Tag: bookstores

Barnes & Noble likes books again

Ted Gioia on the remarkable rebound of Barnes & Noble:

[CEO James Daunt] used the pandemic as an opportunity to “weed out the rubbish” in the stores. He asked employees in the outlets to take every book off the shelf, and re-evaluate whether it should stay. Every section of the store needed to be refreshed and made appealing. 

As this example makes clear, Daunt started giving more power to the stores. But publishers complained bitterly. They now had to make more sales calls, and convince local bookbuyers—and that’s hard work. Even worse, when a new book doesn’t live up to expectations, the local workers see this immediately. Books are expected to appeal to readers—and just convincing a head buyer at headquarters was no longer enough.

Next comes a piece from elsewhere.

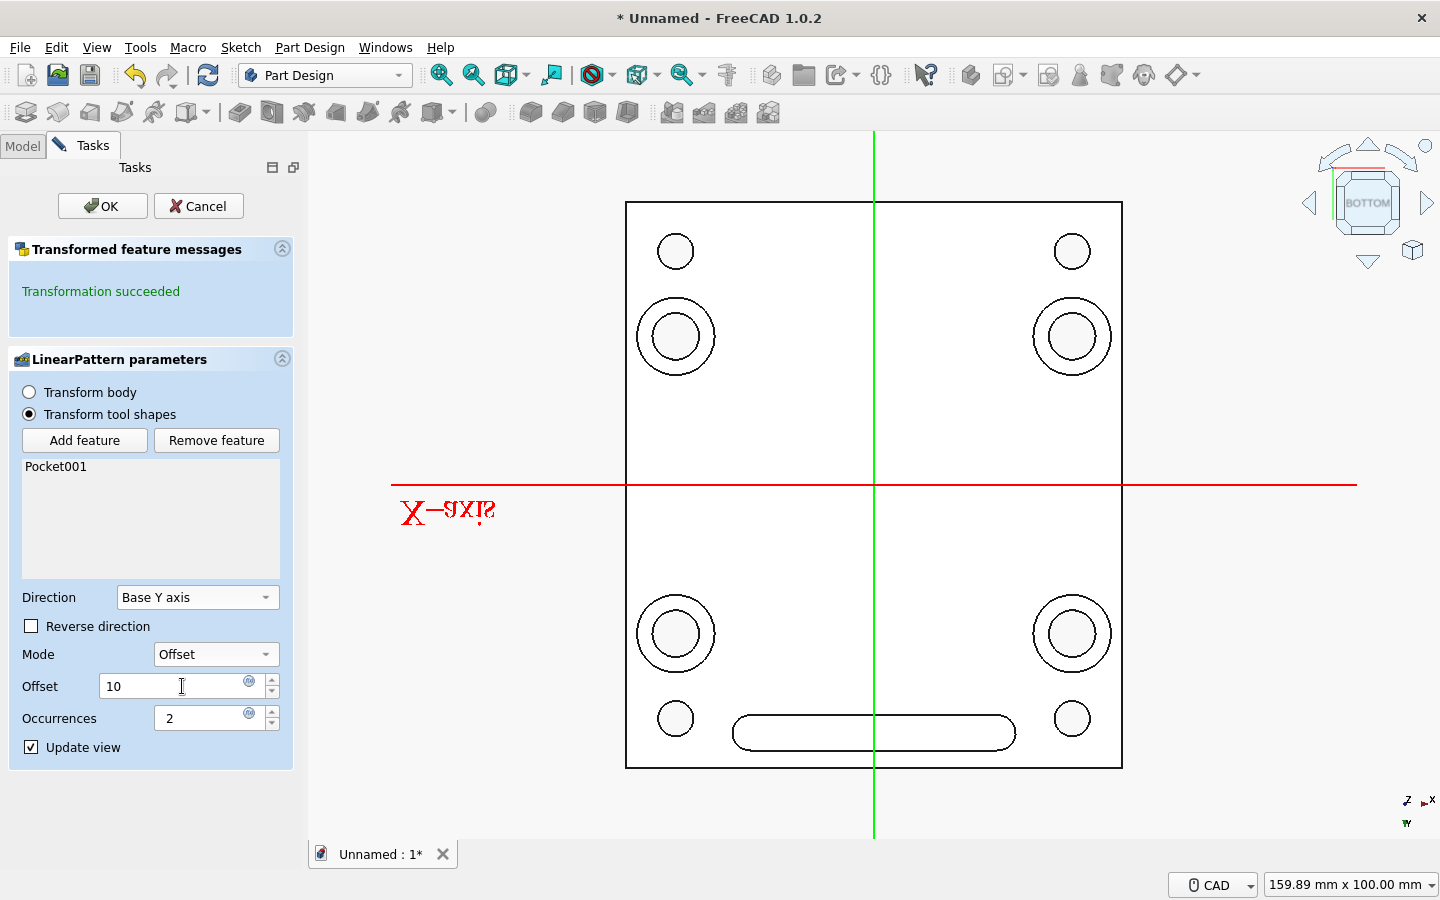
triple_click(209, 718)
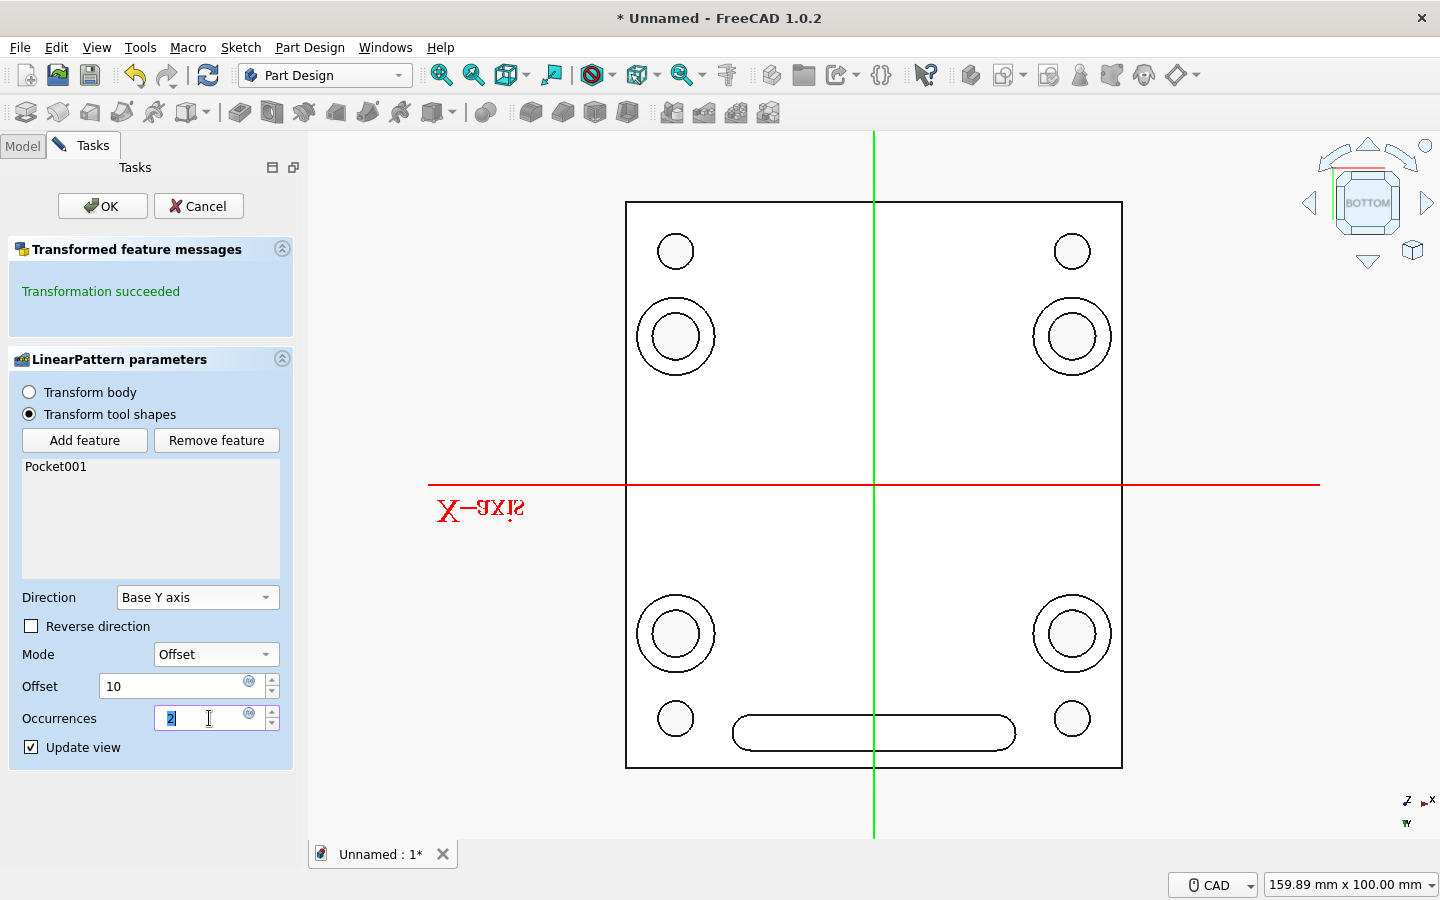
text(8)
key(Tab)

Daunt also refused to dumb-down the store offerings. The key challenge, he claimed was to “create an environment that’s intellectually satisfying—and not in a snobbish way, but in the sense of feeding your mind.”

His crucial move was refusing to take promotional money from publishers in exchange for purchase commitments and prominent placement of only certain books:

[Daunt] refused to play this game. He wanted to put the best books in the window. He wanted to display the most exciting books by the front door. Even more amazing, he let the people working in the stores make these decisions.

This is James Daunt’s super power: He loves books. 

“Staff are now in control of their own shops,” he explained. “Hopefully they’re enjoying their work more. They’re creating something very different in each store.”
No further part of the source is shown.